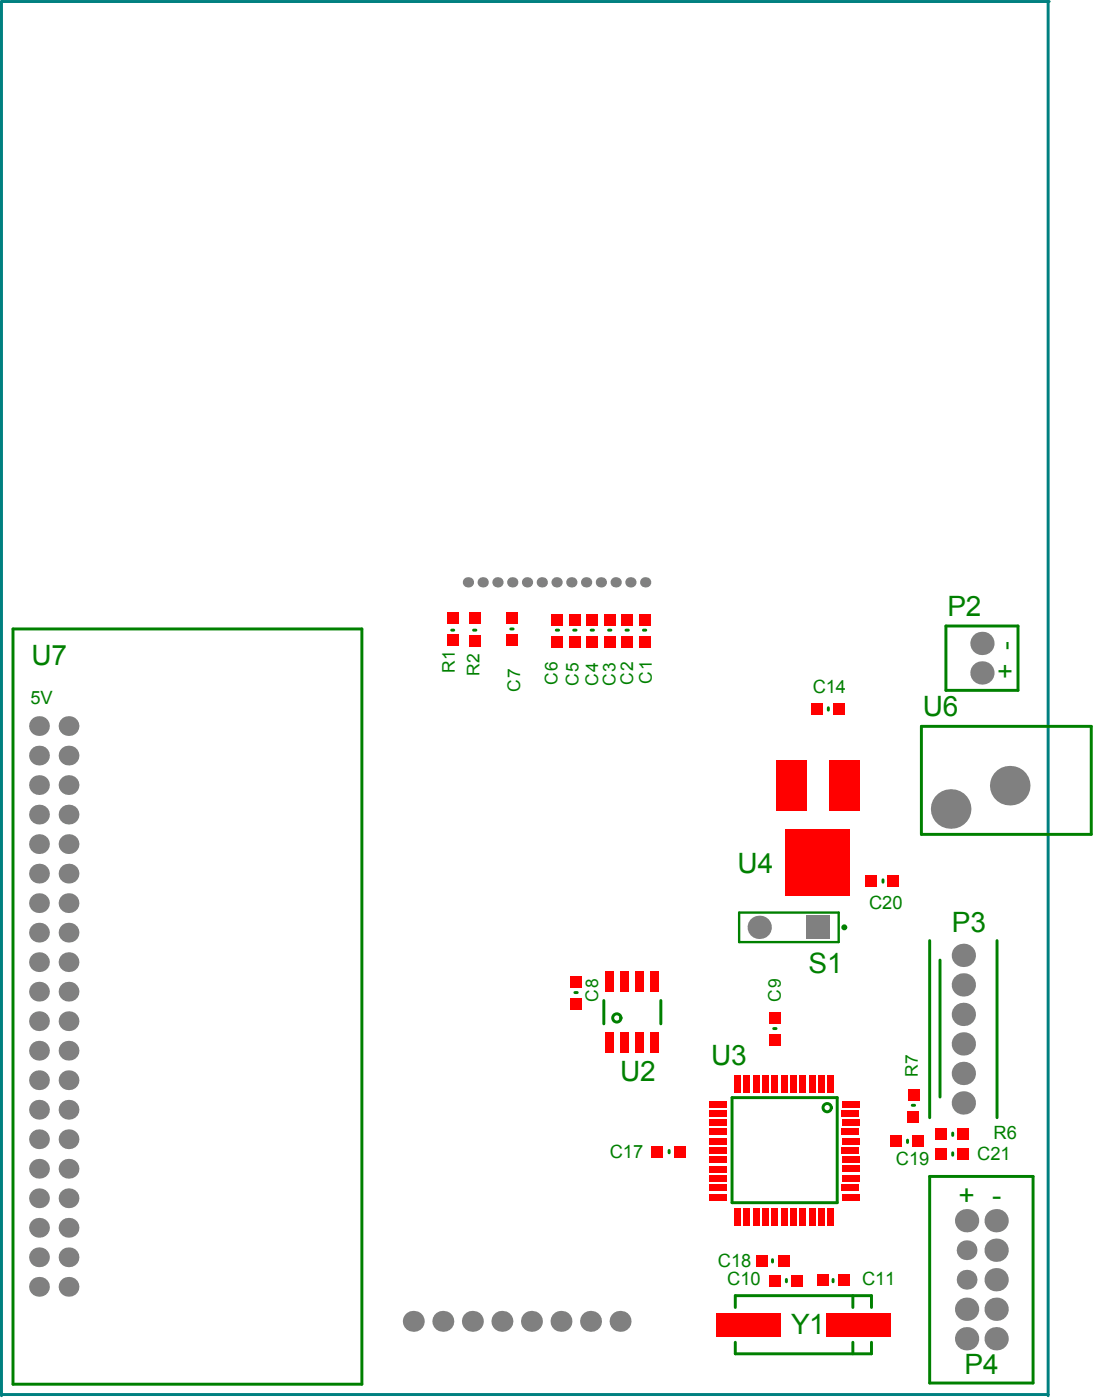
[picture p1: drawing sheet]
<svg xmlns="http://www.w3.org/2000/svg" width="313mm" height="401mm" viewBox="0 0 313 401" stroke-linecap="round" stroke-linejoin="round" font-family="sans-serif">
<defs><g id="words">
<g font-size="8" fill="#008000">
<text x="271" y="176.2">P2</text>
<text x="9" y="190.3">U7</text>
<text x="264" y="205">U6</text>
<text x="211" y="249.8">U4</text>
<text x="272.2" y="266.8">P3</text>
<text x="231.3" y="278.5">S1</text>
<text x="203.4" y="305">U3</text>
<text x="177.4" y="309.4">U2</text>
<text x="274.2" y="345">+ -</text>
<text x="226.3" y="381.9">Y1</text>
<text x="275.9" y="393.2">P4</text>
</g>
<text font-size="7.6" fill="#008000" x="290.2" y="194.3" transform="rotate(-90 290.2 194.3)">+ -</text>
<g font-size="5.2" fill="#008000">
<text x="8.7" y="201.6">5V</text>
<text x="232.5" y="198.5">C14</text>
<text x="248.6" y="260.1">C20</text>
<text x="284.2" y="326">R6</text>
<text x="174.4" y="331.4">C17</text>
<text x="256.3" y="333.4">C19</text>
<text x="279.5" y="332">C21</text>
<text x="205.3" y="362.6">C18</text>
<text x="208" y="367.9">C10</text>
<text x="246.6" y="367.9">C11</text>
</g>
<g font-size="5" fill="#008000">
<text x="130.1" y="192.6" transform="rotate(-90 130.1 192.6)">R1</text>
<text x="137.1" y="193.6" transform="rotate(-90 137.1 193.6)">R2</text>
<text x="148.8" y="198" transform="rotate(-90 148.8 198)">C7</text>
<text x="159.4" y="196" transform="rotate(-90 159.4 196)">C6</text>
<text x="165.4" y="196.3" transform="rotate(-90 165.4 196.3)">C5</text>
<text x="171.1" y="196.3" transform="rotate(-90 171.1 196.3)">C4</text>
<text x="176.1" y="196.3" transform="rotate(-90 176.1 196.3)">C3</text>
<text x="181.1" y="196" transform="rotate(-90 181.1 196)">C2</text>
<text x="186.4" y="195.7" transform="rotate(-90 186.4 195.7)">C1</text>
<text x="171.1" y="286.7" transform="rotate(-90 171.1 286.7)">C8</text>
<text x="223.3" y="286.7" transform="rotate(-90 223.3 286.7)">C9</text>
<text x="262.5" y="308.4" transform="rotate(-90 262.5 308.4)">R7</text>
</g>
</g></defs>
<circle cx="299.8" cy=".4" r=".42" fill="#008080"/>
<path d="M.4 399.5v-399.1h299.4v399.1M.8 399.2h299" fill="none" stroke="#008080" stroke-width=".84"/>
<g fill="none" stroke="#008000" stroke-width=".84">
<path d="M270.6 179.2h20.6v18.4h-20.6zM3.7 180h99.8v216.2h-99.8zM129.2 180.4h.6M135.4 180.4h.7M146.1 180h.7M159.1 180.4h.7M164.1 180.4h.7M169.1 180.4h.7M174.1 180.4h.6M179 180.4h.7M184 180.4h.7M236.9 202.6v.7"/>
<path d="M263.5 207.9h48.6v30.9h-48.6zM252.6 251.9v.6M265.9 269.3v50.6M268.9 274.8v39.2M285.2 269.3v50.6M164.4 284.1h.7M172.7 286.4v6.7M189 286.4v6.7M221.3 294.4h.7M209.4 314.2h30.1v30.1h-30.1zM260.9 316.4h.7M191.4 329.3v.7"/>
<path d="M259.6 326.4v.6M265.9 336.8h29.6v59.1h-29.6zM272.5 324.3v.7M272.5 330v.7M210.3 374.3v-3.4h39v3.4M221 360.6v.7M224.9 366.2v.7M238.3 366.2v.7M243.9 370.9v3.4M210.3 384.2v3.3h39v-3.3M243.9 384.2v3.3"/>
<circle cx="241.5" cy="265.5" r=".42"/>
<circle cx="176.4" cy="291.4" r="1.18"/>
<circle cx="236.6" cy="317.1" r="1.18"/>
</g>
<path d="M211.4 261.2h28.5v8.5h-28.5z" fill="none" stroke="#008000" stroke-width=".68"/>
<g fill="#808080">
<circle cx="142.3" cy="166.7" r="1.48"/>
<circle cx="155" cy="166.7" r="1.48"/>
<circle cx="163.4" cy="166.7" r="1.48"/>
<circle cx="176.1" cy="166.7" r="1.48"/>
<circle cx="11.2" cy="368.4" r="2.83"/>
<circle cx="19.6" cy="368.4" r="2.83"/>
<circle cx="11.2" cy="359.9" r="2.83"/>
<circle cx="19.6" cy="359.9" r="2.83"/>
<circle cx="11.2" cy="351.5" r="2.83"/>
<circle cx="19.6" cy="351.5" r="2.83"/>
<circle cx="11.2" cy="334.6" r="2.83"/>
<circle cx="19.6" cy="334.6" r="2.83"/>
<circle cx="11.2" cy="326.1" r="2.83"/>
<circle cx="19.6" cy="326.1" r="2.83"/>
<circle cx="11.2" cy="309.2" r="2.83"/>
<circle cx="19.6" cy="309.2" r="2.83"/>
<circle cx="11.2" cy="300.8" r="2.83"/>
<circle cx="19.6" cy="300.8" r="2.83"/>
<circle cx="11.2" cy="283.9" r="2.83"/>
<circle cx="19.6" cy="283.9" r="2.83"/>
<circle cx="19.6" cy="275.4" r="2.83"/>
<circle cx="11.2" cy="275.4" r="2.83"/>
<circle cx="19.6" cy="258.5" r="2.83"/>
<circle cx="11.2" cy="258.5" r="2.83"/>
<circle cx="19.6" cy="250.1" r="2.83"/>
<circle cx="11.2" cy="250.1" r="2.83"/>
<circle cx="19.6" cy="241.6" r="2.83"/>
<circle cx="11.2" cy="241.6" r="2.83"/>
<circle cx="19.6" cy="233.2" r="2.83"/>
<circle cx="11.2" cy="233.2" r="2.83"/>
<circle cx="19.6" cy="224.7" r="2.83"/>
<circle cx="11.2" cy="224.7" r="2.83"/>
<circle cx="19.6" cy="216.3" r="2.83"/>
<circle cx="11.2" cy="216.3" r="2.83"/>
<circle cx="118.2" cy="378.2" r="3"/>
<circle cx="126.7" cy="378.2" r="3"/>
<circle cx="143.6" cy="378.2" r="3"/>
<circle cx="152" cy="378.2" r="3"/>
<circle cx="138.1" cy="166.7" r="1.48"/>
<circle cx="146.5" cy="166.7" r="1.48"/>
<circle cx="150.7" cy="166.7" r="1.48"/>
<circle cx="159.2" cy="166.7" r="1.48"/>
<circle cx="177.4" cy="378.2" r="3"/>
<circle cx="168.9" cy="378.2" r="3"/>
<circle cx="167.6" cy="166.7" r="1.48"/>
<circle cx="171.9" cy="166.7" r="1.48"/>
<circle cx="180.3" cy="166.7" r="1.48"/>
<circle cx="184.5" cy="166.7" r="1.48"/>
<circle cx="276.5" cy="383.2" r="3.3"/>
<circle cx="284.9" cy="383.2" r="3.3"/>
<circle cx="276.5" cy="349.4" r="3.3"/>
<circle cx="284.9" cy="349.4" r="3.3"/>
<circle cx="284.9" cy="357.9" r="3.3"/>
<circle cx="284.9" cy="366.3" r="3.3"/>
<circle cx="276.5" cy="357.9" r="2.83"/>
<circle cx="276.5" cy="366.3" r="2.83"/>
<circle cx="275.5" cy="298.8" r="3.3"/>
<circle cx="275.5" cy="307.3" r="3.3"/>
<circle cx="275.5" cy="273.5" r="3.3"/>
<circle cx="275.5" cy="281.9" r="3.3"/>
<circle cx="288.8" cy="224.9" r="5.7"/>
<circle cx="280.9" cy="192.6" r="3.3"/>
<circle cx="11.2" cy="343" r="2.83"/>
<circle cx="19.6" cy="343" r="2.83"/>
<circle cx="11.2" cy="317.7" r="2.83"/>
<circle cx="19.6" cy="317.7" r="2.83"/>
<circle cx="11.2" cy="292.3" r="2.83"/>
<circle cx="19.6" cy="292.3" r="2.83"/>
<circle cx="19.6" cy="267" r="2.83"/>
<circle cx="11.2" cy="267" r="2.83"/>
<circle cx="11.2" cy="207.8" r="2.83"/>
<circle cx="19.6" cy="207.8" r="2.83"/>
<circle cx="276.5" cy="374.8" r="3.3"/>
<circle cx="284.9" cy="374.8" r="3.3"/>
<circle cx="275.5" cy="290.4" r="3.3"/>
<circle cx="275.5" cy="315.7" r="3.3"/>
<circle cx="280.9" cy="184.2" r="3.3"/>
<circle cx="135.1" cy="378.2" r="3"/>
<circle cx="133.8" cy="166.7" r="1.48"/>
<circle cx="160.5" cy="378.2" r="3"/>
<circle cx="217.2" cy="265.5" r="3.3"/>
<circle cx="271.9" cy="231.6" r="5.7"/>
</g>
<path d="M230.7 262.1h6.7v6.6h-6.7z" fill-rule="evenodd" fill="#808080"/>
<g fill="#f00">
<path d="M127.8 181.6h3.4v3.3h-3.4z" fill-rule="evenodd"/>
<path d="M127.8 175.3h3.4v3.3h-3.4z" fill-rule="evenodd"/>
<path d="M134.1 181.7h3.4v3.3h-3.4z" fill-rule="evenodd"/>
<path d="M134.1 175.4h3.4v3.3h-3.4z" fill-rule="evenodd"/>
<path d="M167.7 182h3.4v3.4h-3.4z" fill-rule="evenodd"/>
<path d="M167.7 175.6h3.4v3.4h-3.4z" fill-rule="evenodd"/>
<path d="M240.7 339h5v1.9h-5z" fill-rule="evenodd"/>
<path d="M240.8 336.4h5v1.9h-5z" fill-rule="evenodd"/>
<path d="M240.8 331.1h5v1.9h-5z" fill-rule="evenodd"/>
<path d="M240.7 323.1h5v1.8h-5z" fill-rule="evenodd"/>
<path d="M240.8 325.8h5v1.8h-5z" fill-rule="evenodd"/>
<path d="M240.7 317.7h5v1.9h-5z" fill-rule="evenodd"/>
<path d="M247.6 250.5h3.4v3.4h-3.4z" fill-rule="evenodd"/>
<path d="M173.1 295.4h2.6v5.9h-2.6z" fill-rule="evenodd"/>
<path d="M173.1 277.9h2.6v5.9h-2.6z" fill-rule="evenodd"/>
<path d="M181.7 295.4h2.3v5.9h-2.3z" fill-rule="evenodd"/>
<path d="M181.6 277.9h2.5v5.9h-2.5z" fill-rule="evenodd"/>
<path d="M210.1 345.8h1.8v5h-1.8z" fill-rule="evenodd"/>
<path d="M210.1 307.9h1.8v4.9h-1.8z" fill-rule="evenodd"/>
<path d="M215.4 345.8h1.8v5h-1.8z" fill-rule="evenodd"/>
<path d="M216.4 359.2h3.3v3.3h-3.3z" fill-rule="evenodd"/>
<path d="M215.4 307.9h1.8v4.9h-1.8z" fill-rule="evenodd"/>
<path d="M220.7 345.8h1.9v5h-1.9z" fill-rule="evenodd"/>
<path d="M223.4 345.8h1.8v5h-1.8z" fill-rule="evenodd"/>
<path d="M222.7 359.2h3.3v3.3h-3.3z" fill-rule="evenodd"/>
<path d="M223.4 307.9h1.8v4.9h-1.8z" fill-rule="evenodd"/>
<path d="M220.7 307.9h1.9v4.9h-1.9z" fill-rule="evenodd"/>
<path d="M231.4 345.8h1.8v5h-1.8z" fill-rule="evenodd"/>
<path d="M228.7 345.8h1.8v5h-1.8z" fill-rule="evenodd"/>
<path d="M228.7 307.9h1.8v4.9h-1.8z" fill-rule="evenodd"/>
<path d="M231.4 307.9h1.8v4.9h-1.8z" fill-rule="evenodd"/>
<path d="M236.7 345.8h1.8v5h-1.8z" fill-rule="evenodd"/>
<path d="M234.1 345.8h1.7v5h-1.7z" fill-rule="evenodd"/>
<path d="M234.1 307.9h1.7v4.9h-1.7z" fill-rule="evenodd"/>
<path d="M236.7 307.9h1.8v4.9h-1.8z" fill-rule="evenodd"/>
<path d="M240.8 341.7h5v1.9h-5z" fill-rule="evenodd"/>
<path d="M240.7 328.4h5v1.9h-5z" fill-rule="evenodd"/>
<path d="M240.8 320.5h5v1.8h-5z" fill-rule="evenodd"/>
<path d="M240.8 333.7h5v1.8h-5z" fill-rule="evenodd"/>
<path d="M240.8 315.1h5v1.9h-5z" fill-rule="evenodd"/>
<path d="M254.6 325h3.3v3.3h-3.3z" fill-rule="evenodd"/>
<path d="M144.7 181.6h3.4v3.3h-3.4z" fill-rule="evenodd"/>
<path d="M157.8 182h3.3v3.4h-3.3z" fill-rule="evenodd"/>
<path d="M144.7 175.3h3.4v3.3h-3.4z" fill-rule="evenodd"/>
<path d="M157.8 175.6h3.3v3.4h-3.3z" fill-rule="evenodd"/>
<path d="M172.7 182h3.4v3.4h-3.4z" fill-rule="evenodd"/>
<path d="M177.7 182h3.4v3.4h-3.4z" fill-rule="evenodd"/>
<path d="M182.7 182h3.4v3.4h-3.4z" fill-rule="evenodd"/>
<path d="M172.7 175.6h3.4v3.4h-3.4z" fill-rule="evenodd"/>
<path d="M177.7 175.6h3.4v3.4h-3.4z" fill-rule="evenodd"/>
<path d="M182.7 175.6h3.4v3.4h-3.4z" fill-rule="evenodd"/>
<path d="M202.8 339h5v1.9h-5z" fill-rule="evenodd"/>
<path d="M202.9 336.4h5v1.9h-5z" fill-rule="evenodd"/>
<path d="M202.9 331.1h5v1.9h-5z" fill-rule="evenodd"/>
<path d="M202.8 323.1h5v1.8h-5z" fill-rule="evenodd"/>
<path d="M202.9 325.8h5v1.8h-5z" fill-rule="evenodd"/>
<path d="M202.8 317.7h5v1.9h-5z" fill-rule="evenodd"/>
<path d="M239.9 364.9h3.3v3.3h-3.3z" fill-rule="evenodd"/>
<path d="M233.7 364.9h3.3v3.3h-3.3z" fill-rule="evenodd"/>
<path d="M219.9 365h3.4v3.3h-3.4z" fill-rule="evenodd"/>
<path d="M226.3 365h3.4v3.3h-3.4z" fill-rule="evenodd"/>
<path d="M220 296h3.3v3.4h-3.3z" fill-rule="evenodd"/>
<path d="M220 289.7h3.3v3.4h-3.3z" fill-rule="evenodd"/>
<path d="M231.9 201.3h3.4v3.3h-3.4z" fill-rule="evenodd"/>
<path d="M238.3 201.3h3.3v3.3h-3.3z" fill-rule="evenodd"/>
<path d="M259.6 318.1h3.4v3.3h-3.4z" fill-rule="evenodd"/>
<path d="M253.9 250.5h3.3v3.4h-3.3z" fill-rule="evenodd"/>
<path d="M273.9 323h3.3v3.4h-3.3z" fill-rule="evenodd"/>
<path d="M185.8 295.4h2.5v5.9h-2.5z" fill-rule="evenodd"/>
<path d="M177.4 295.4h2.5v5.9h-2.5z" fill-rule="evenodd"/>
<path d="M185.8 277.9h2.5v5.9h-2.5z" fill-rule="evenodd"/>
<path d="M177.4 277.9h2.5v5.9h-2.5z" fill-rule="evenodd"/>
<path d="M163.2 285.7h3.3v3.4h-3.3z" fill-rule="evenodd"/>
<path d="M163.2 279.4h3.3v3.4h-3.3z" fill-rule="evenodd"/>
<path d="M212.8 345.8h1.7v5h-1.7z" fill-rule="evenodd"/>
<path d="M202.9 341.7h5v1.9h-5z" fill-rule="evenodd"/>
<path d="M202.8 328.4h5v1.9h-5z" fill-rule="evenodd"/>
<path d="M202.9 320.5h5v1.8h-5z" fill-rule="evenodd"/>
<path d="M202.8 333.7h5v1.9h-5z" fill-rule="evenodd"/>
<path d="M192.7 328.1h3.3v3.3h-3.3z" fill-rule="evenodd"/>
<path d="M212.8 307.9h1.7v4.9h-1.7z" fill-rule="evenodd"/>
<path d="M202.9 315.1h5v1.9h-5z" fill-rule="evenodd"/>
<path d="M218.1 345.8h1.8v5h-1.8z" fill-rule="evenodd"/>
<path d="M226 345.8h1.9v5h-1.9z" fill-rule="evenodd"/>
<path d="M226 307.9h1.9v4.9h-1.9z" fill-rule="evenodd"/>
<path d="M218.1 307.9h1.8v4.9h-1.8z" fill-rule="evenodd"/>
<path d="M222 217.7h8.7v14.4h-8.7z" fill-rule="evenodd"/>
<path d="M260.9 325h3.3v3.3h-3.3z" fill-rule="evenodd"/>
<path d="M259.7 311.8h3.3v3.2h-3.3z" fill-rule="evenodd"/>
<path d="M273.9 328.6h3.3v3.4h-3.3z" fill-rule="evenodd"/>
<path d="M224.8 237.5h18.3v19h-18.3z" fill-rule="evenodd"/>
<path d="M162.7 182h3.4v3.4h-3.4z" fill-rule="evenodd"/>
<path d="M162.7 175.6h3.4v3.4h-3.4z" fill-rule="evenodd"/>
<path d="M267.5 323h3.4v3.4h-3.4z" fill-rule="evenodd"/>
<path d="M204.9 376h18.3v6.6h-18.3z" fill-rule="evenodd"/>
<path d="M236.5 376h18.3v6.6h-18.3z" fill-rule="evenodd"/>
<path d="M186.4 328.1h3.3v3.3h-3.3z" fill-rule="evenodd"/>
<path d="M237.2 217.7h8.7v14.4h-8.7z" fill-rule="evenodd"/>
<path d="M267.5 328.6h3.4v3.4h-3.4z" fill-rule="evenodd"/>
</g>
<use href="#words"/>
</svg>

• Task item: If a line of the entries holds the word "font", copy it out.

• Result:
<svg xmlns="http://www.w3.org/2000/svg" width="313mm" height="401mm" viewBox="0 0 313 401" stroke-linecap="round" stroke-linejoin="round" font-family="sans-serif">
<g font-size="8" fill="#008000">
<text font-size="7.6" fill="#008000" x="290.2" y="194.3" transform="rotate(-90 290.2 194.3)">+ -</text>
<g font-size="5.2" fill="#008000">
<g font-size="5" fill="#008000">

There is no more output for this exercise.